QuantizationOptimization terms
Reducing the precision of model weights (e.g., FP16 → INT4) to shrink memory usage and increase inference speed at some quality cost. A 7B model at FP16 needs ~14 GB VRAM; quantized to 4-bit, it fits in ~4 GB. Common formats include GGUF (llama.cpp/Ollama), GPTQ and AWQ (vLLM/HuggingFace). See Model Selection and Serving for format details and tradeoffs.
OverfittingOptimization terms
When a model memorizes training examples instead of learning generalizable patterns. The model performs well on training data but poorly on new inputs. Detected by monitoring validation loss alongside training loss.
RLHF (Reinforcement Learning from Human Feedback)Optimization terms
A training method that uses human preference signals to improve model behavior through a reward model. More complex than DPO (requires training a separate reward model) but offers more control over the optimization objective.
SFT (Supervised Fine-Tuning)Optimization terms
Fine-tuning using input-output pairs where the desired output is known. The most common fine-tuning approach.
TRL (Transformer Reinforcement Learning)Optimization terms
A Hugging Face library for training language models with reinforcement learning, SFT, and other optimization methods.
Consumer chat appCross-cutting terms
The browser or desktop product meant for human conversation (ChatGPT, Claude, HuggingChat).
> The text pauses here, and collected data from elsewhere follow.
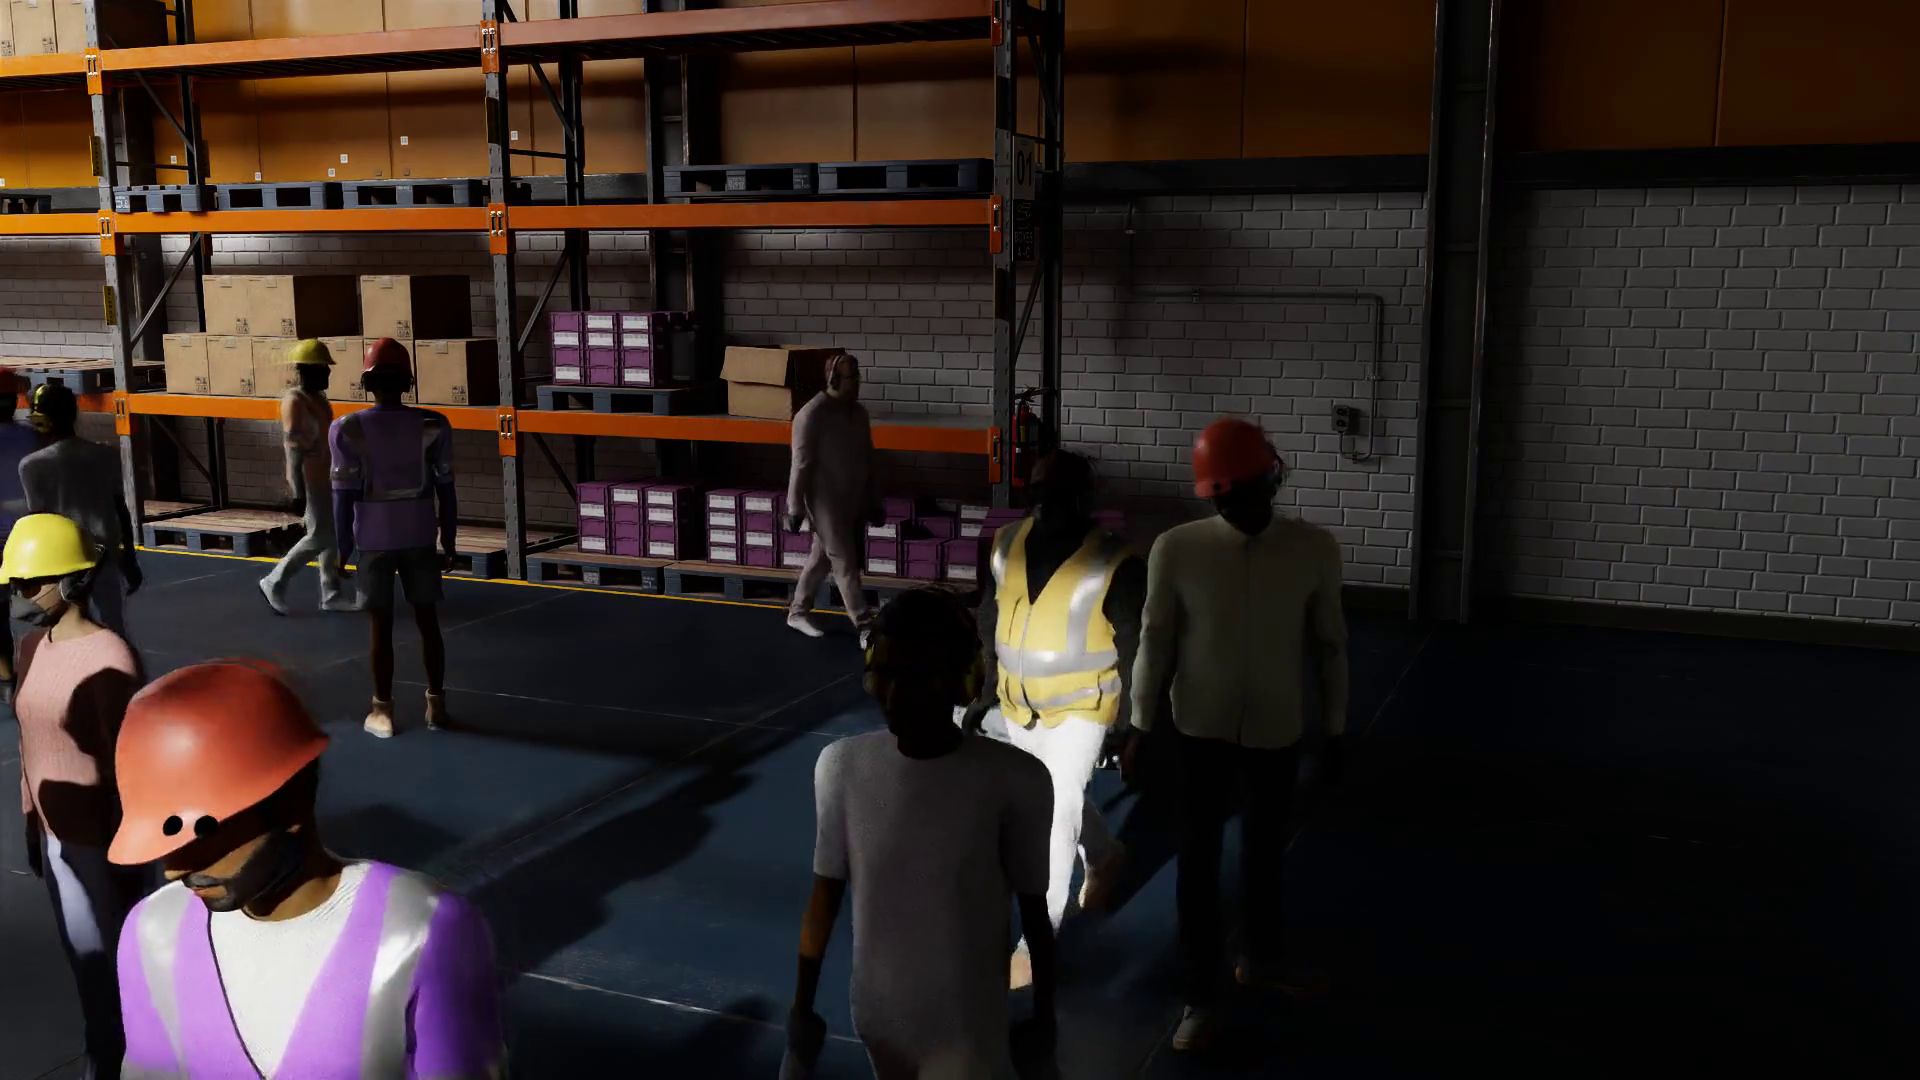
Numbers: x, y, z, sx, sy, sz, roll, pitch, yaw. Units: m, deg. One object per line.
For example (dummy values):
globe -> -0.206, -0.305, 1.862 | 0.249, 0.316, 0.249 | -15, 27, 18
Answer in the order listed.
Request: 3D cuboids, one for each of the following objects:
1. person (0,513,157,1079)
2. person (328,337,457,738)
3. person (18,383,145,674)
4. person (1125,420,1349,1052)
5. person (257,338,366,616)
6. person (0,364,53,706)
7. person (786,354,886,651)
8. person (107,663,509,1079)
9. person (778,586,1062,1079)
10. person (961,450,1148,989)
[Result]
person -> -2.378, 0.799, 4.513 | 0.524, 1.768, 0.325 | 6, 11, 32
person -> -2.897, -0.012, 8.535 | 0.614, 2.042, 0.373 | -5, 11, -29
person -> -4.290, 0.141, 8.228 | 0.743, 1.839, 0.552 | 8, 13, 41
person -> 0.885, 0.595, 5.206 | 0.693, 1.948, 0.678 | 0, 9, -3
person -> -4.470, -0.427, 11.429 | 0.559, 1.921, 0.616 | 0, 9, -2
person -> -5.024, 0.012, 8.861 | 0.546, 1.901, 0.906 | -8, 12, -39
person -> -0.765, -0.243, 10.504 | 1.006, 1.853, 0.658 | 6, 11, 32
person -> -0.903, 1.093, 2.357 | 0.621, 1.894, 0.663 | 1, 10, 8
person -> -0.073, 0.972, 3.331 | 0.531, 1.826, 0.998 | 4, 10, 24
person -> 0.390, 0.560, 5.855 | 0.615, 1.803, 0.936 | 8, 12, 39

Useful for experimentation, but not the same as API access.
Developer platformCross-cutting terms
The provider's API, billing, API-key, and developer-docs surface. This is what you need for this learning path.
Hosted APICross-cutting terms
The provider runs the model for you and you call it over HTTP.
Local inferenceCross-cutting terms
You run the model on your own machine.
ProviderCross-cutting terms
The company or service that hosts a model API you call from code.
Prompt cachingCross-cutting terms
Reusing computation from repeated prompt prefixes to reduce latency and cost on subsequent requests with the same prefix.
Rate limitingCross-cutting terms
Constraints on how many API requests you can make per unit of time. An operational concern that affects system design and cost.
Token budgetCross-cutting terms
The maximum number of tokens you allocate for a specific part of the context (e.g., "retrieval evidence gets at most 4K tokens"). A context engineering tool for preventing any single component from dominating the context window.